W pierwszej części liczącego 266 stron dokumentu kontrolerzy wskazali na personalną odpowiedzialność szefa Kancelarii Premiera Tomasza Arabskiego. Kontrolerzy powołali się przy tym na zapisy zawartego w grudniu 2004 roku "Porozumienia w sprawie wojskowego transportu lotniczego". Sygnatariuszami tej umowy są kancelarie: Sejmu, Senatu, premiera i Prezydenta. Porozumienie powierza szefowi KPRM funkcję koordynatora lotów VIP-ów. NIK podkreśla, że ma on obowiązki dotyczące przygotowania takich wizyt również "w aspekcie bezpieczeństwa".

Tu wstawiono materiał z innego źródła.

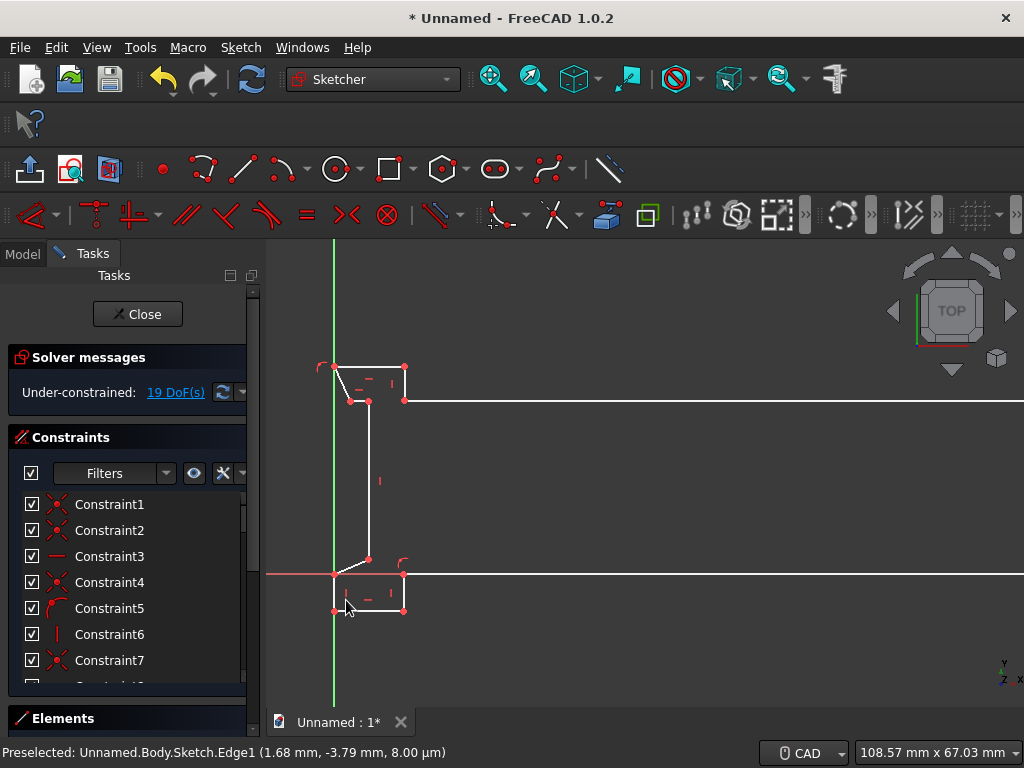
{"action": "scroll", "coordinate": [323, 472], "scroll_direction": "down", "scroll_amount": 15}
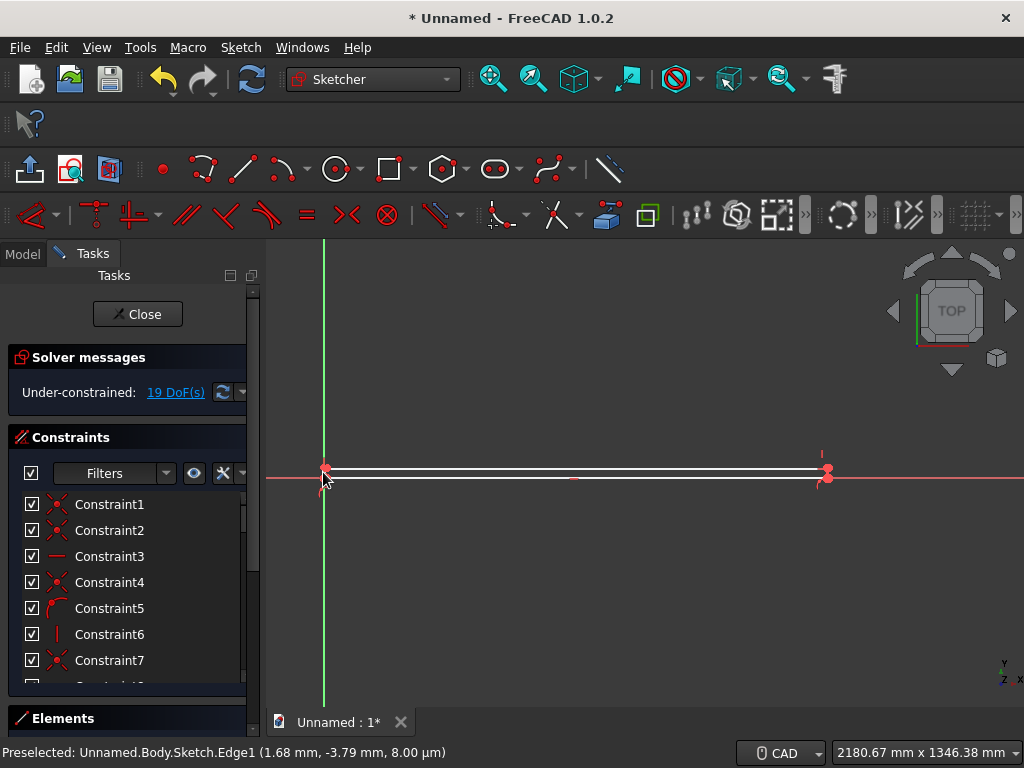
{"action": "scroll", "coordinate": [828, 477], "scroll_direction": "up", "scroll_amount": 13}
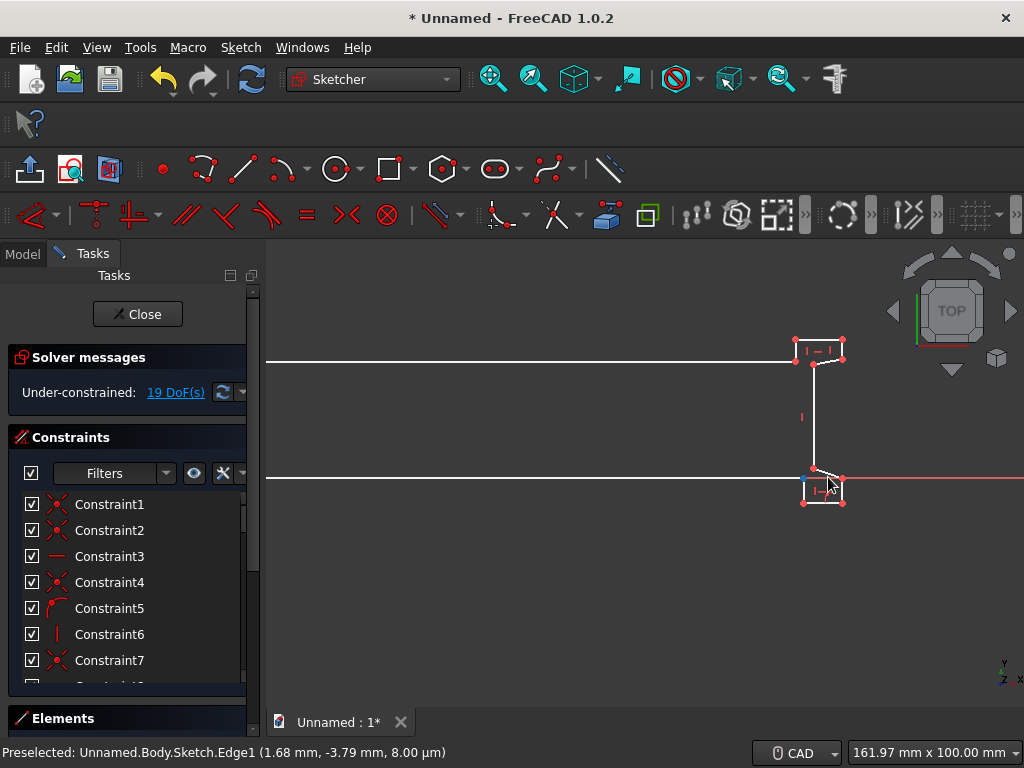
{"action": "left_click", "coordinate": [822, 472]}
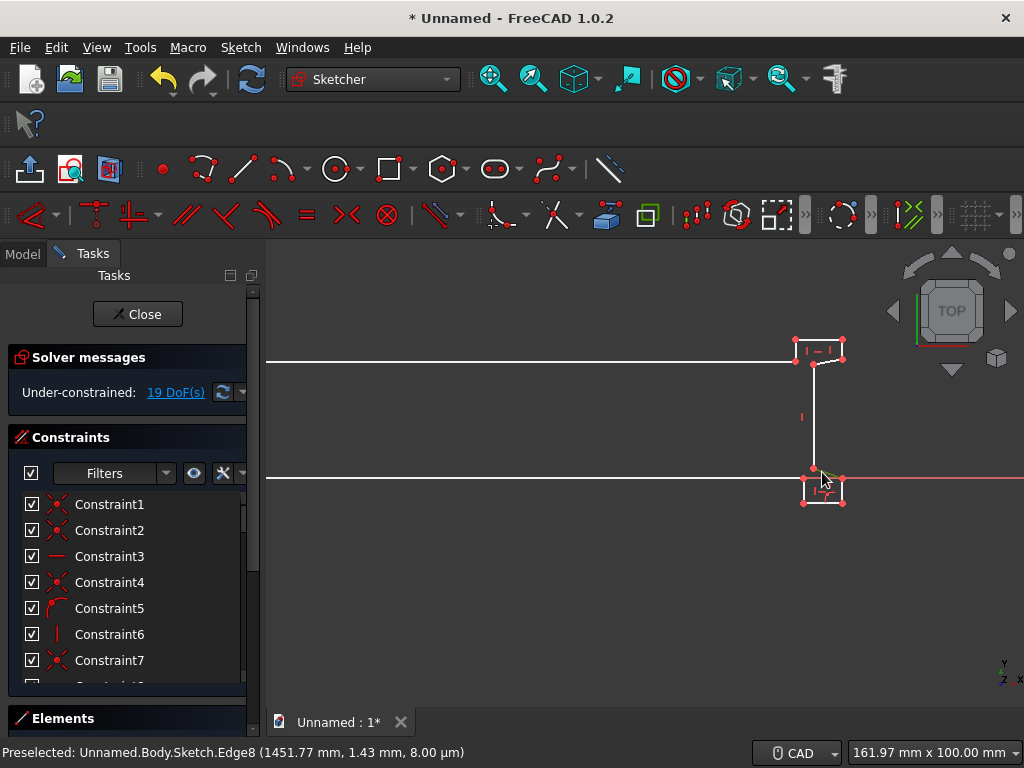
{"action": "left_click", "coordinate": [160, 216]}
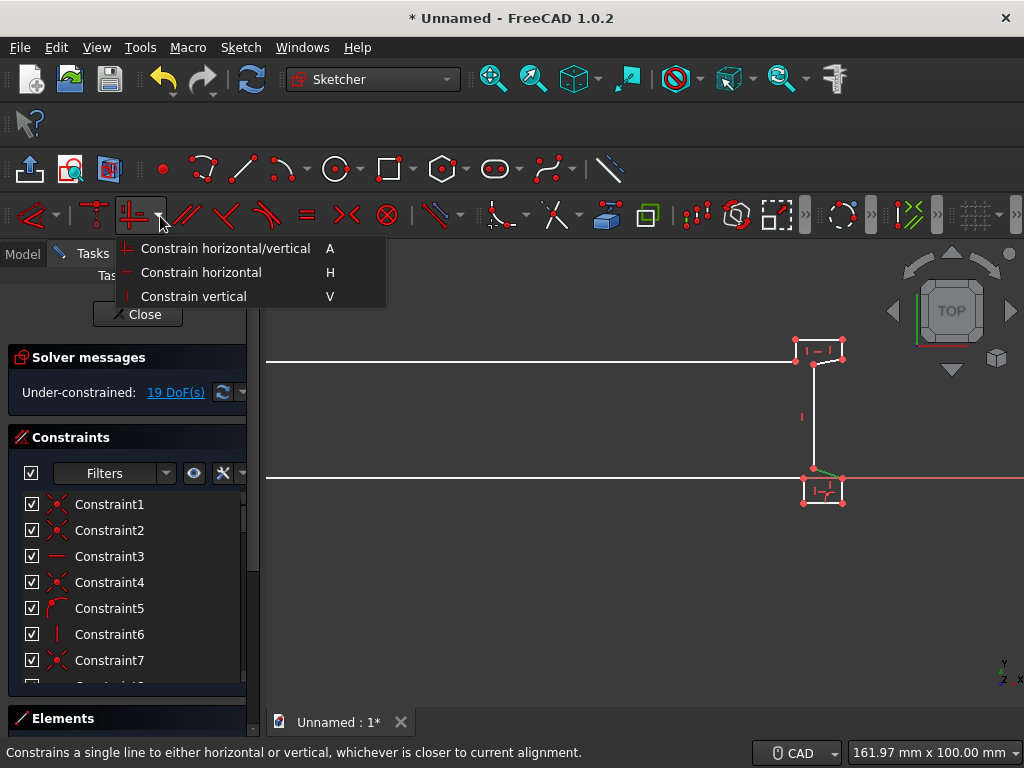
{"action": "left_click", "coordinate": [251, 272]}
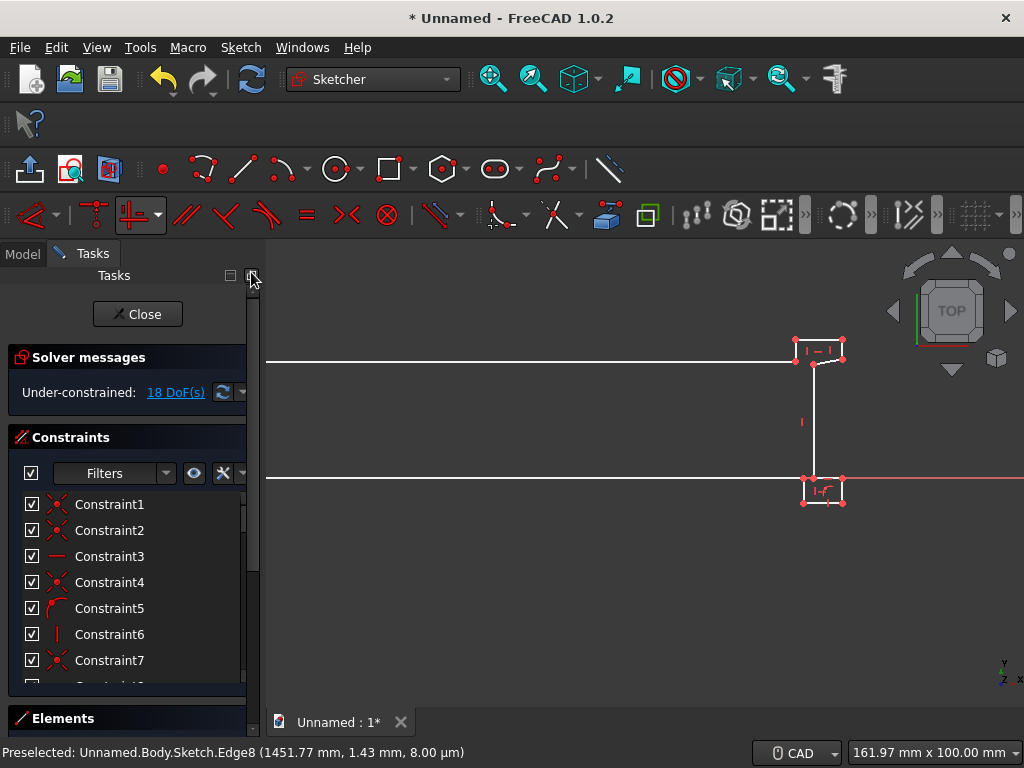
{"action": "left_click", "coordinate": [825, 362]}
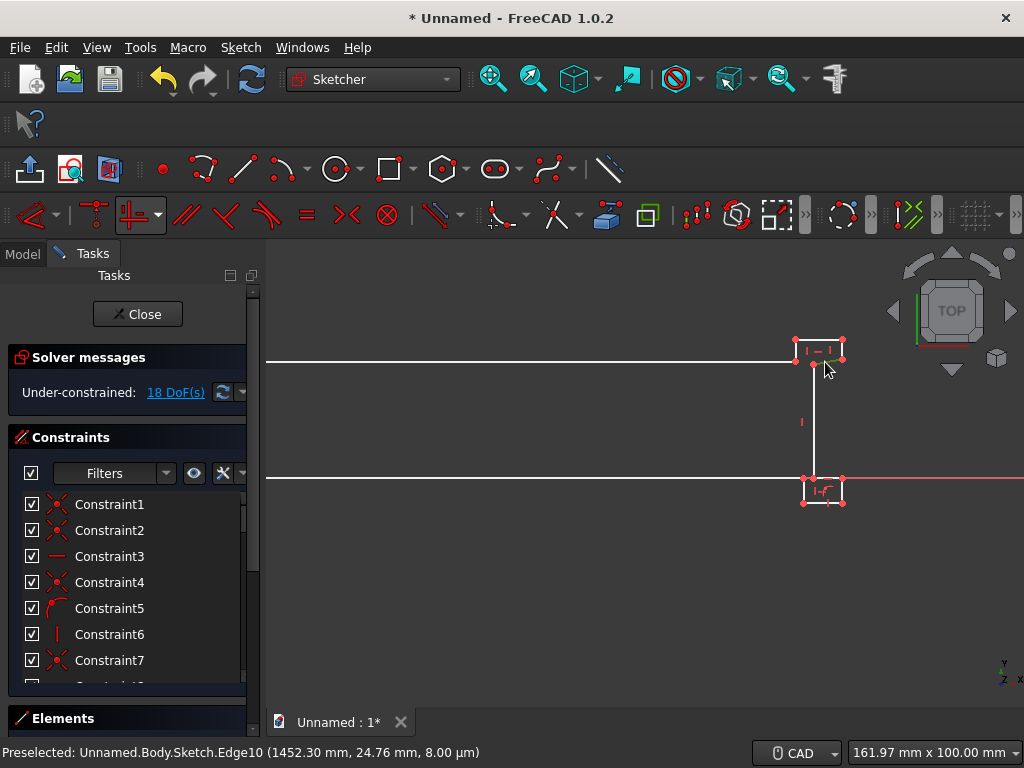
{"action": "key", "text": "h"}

Tomasz Arabski, który miesiąc temu otrzymał protokół do podpisania, kwestionuje ustalenia NIK. Arabski twierdzi w piśmie przesłanym "Rzeczpospolitej", że kontrolerzy bezpodstawnie wywodzą z porozumienia nałożenie na szefa KPRM obowiązków "w zakresie organizacji wizyt zagranicznych najważniejszych osób w państwie, w tym w aspekcie bezpieczeństwa".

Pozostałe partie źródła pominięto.